But what does it all mean?
Commentators state the challenge is for Bachmann to capture swing or centrist voters within the party. She may not need to do this. First, her bloc approach may be enough to help her for a long time. Second, the moderate GOP voters may be leaving, going the route of while males who abandoned the Democratic Party in the 1970s and 80s. If the Reagan Revolution redefined the GOP and Democratic Party membership, then the Palin-Bachmann redefinition will do the same. Some will leave the Party, perhaps leaving it a much more conservative one that even before. Within a party of vanishing moderates, Bachmann can win.

Friday, August 12, 2011

The Scream! Thoughts on the Iowa Republican Debate

No question about it–the lunatic fringe has taken over the Republican Party. The August 11, Ames, Iowa Fox debate featured calls for the return to the gold standard, the right to choose light bulbs, criminal prosecution for doctors who perform abortions to save the lives of mothers, obtuse readings of the Tenth Amendment, and petty and personal squabbles attacking one another and the media. All we needed was for someone to assert that the Earth was flat and that it was located at the center of the universe. It was enough to make one what to scream!

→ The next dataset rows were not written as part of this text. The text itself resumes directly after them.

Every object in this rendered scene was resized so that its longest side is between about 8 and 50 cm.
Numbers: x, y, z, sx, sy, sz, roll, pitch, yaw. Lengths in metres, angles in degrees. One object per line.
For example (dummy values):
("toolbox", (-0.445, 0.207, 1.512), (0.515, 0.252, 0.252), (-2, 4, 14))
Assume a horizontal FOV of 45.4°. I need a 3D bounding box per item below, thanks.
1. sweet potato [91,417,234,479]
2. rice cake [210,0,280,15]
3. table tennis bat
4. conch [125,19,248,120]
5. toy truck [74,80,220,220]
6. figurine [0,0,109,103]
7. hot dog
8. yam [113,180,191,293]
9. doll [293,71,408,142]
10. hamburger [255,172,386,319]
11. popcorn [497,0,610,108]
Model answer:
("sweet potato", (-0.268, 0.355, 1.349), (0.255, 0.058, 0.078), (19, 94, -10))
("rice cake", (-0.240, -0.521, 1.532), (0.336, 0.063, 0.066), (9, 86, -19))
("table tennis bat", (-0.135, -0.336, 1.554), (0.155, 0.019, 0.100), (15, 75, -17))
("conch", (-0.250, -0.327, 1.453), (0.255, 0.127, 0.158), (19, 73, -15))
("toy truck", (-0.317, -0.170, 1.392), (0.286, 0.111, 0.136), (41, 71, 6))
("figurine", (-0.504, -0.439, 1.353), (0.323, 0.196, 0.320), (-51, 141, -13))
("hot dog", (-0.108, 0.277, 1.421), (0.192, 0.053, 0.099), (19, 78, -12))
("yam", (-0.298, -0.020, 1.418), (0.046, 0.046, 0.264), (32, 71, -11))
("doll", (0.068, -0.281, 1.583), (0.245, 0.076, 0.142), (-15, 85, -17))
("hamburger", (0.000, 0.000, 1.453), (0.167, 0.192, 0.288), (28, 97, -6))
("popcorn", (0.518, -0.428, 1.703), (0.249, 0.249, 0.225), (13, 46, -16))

The debate lacked substantive and constructive ideas. It was devoid of facts, researched ideas, and any sense of real research across the areas of economics and law. While all the candidates were correct in contending that Obama lacked a economic plan for America, none of them offered anything of substance either based upon research and evidence regarding what works or not. It was all pure ideological pandering to a crowd, with sound bites crafted by speech writers. All seemed to think that the only solution was more tax cutting, giving businesses even more breaks than they have now. It was a collective pep rally for trickle down economics, contending that too high of corporate, capital gains, or other taxes were the cause of the economic slowdown. Cain at least was honest in saying that he was not bothered if the tax cuts to corporations resulted in them paying more dividends and not investing. So much for the veneered justification of supply-side economics as a jobs producer.
Moreover, other candidates had equally dismal and shallow assertions about economics. Paul wants to dismantle the central bank and return the US to the gold standard. Pawlenty thinks we can achieve 5% economic grown for many years if we enact his nonexistent economic plan. Bachmann thinks she can turn the economy around in 90 days. Gingrich blames it all on Dodd-Frank and Sarbanes-Oxley–repeal them and all will be fine. Huntsman and Romney simply said trust me–I was in business and I know how to create jobs.

But perhaps the most interesting part of the debate was when pressed about a bipartisan deal to cut the deficit and asked if they would sign off on a deal that would have 10:1 spending cuts to tax increases. None supported it.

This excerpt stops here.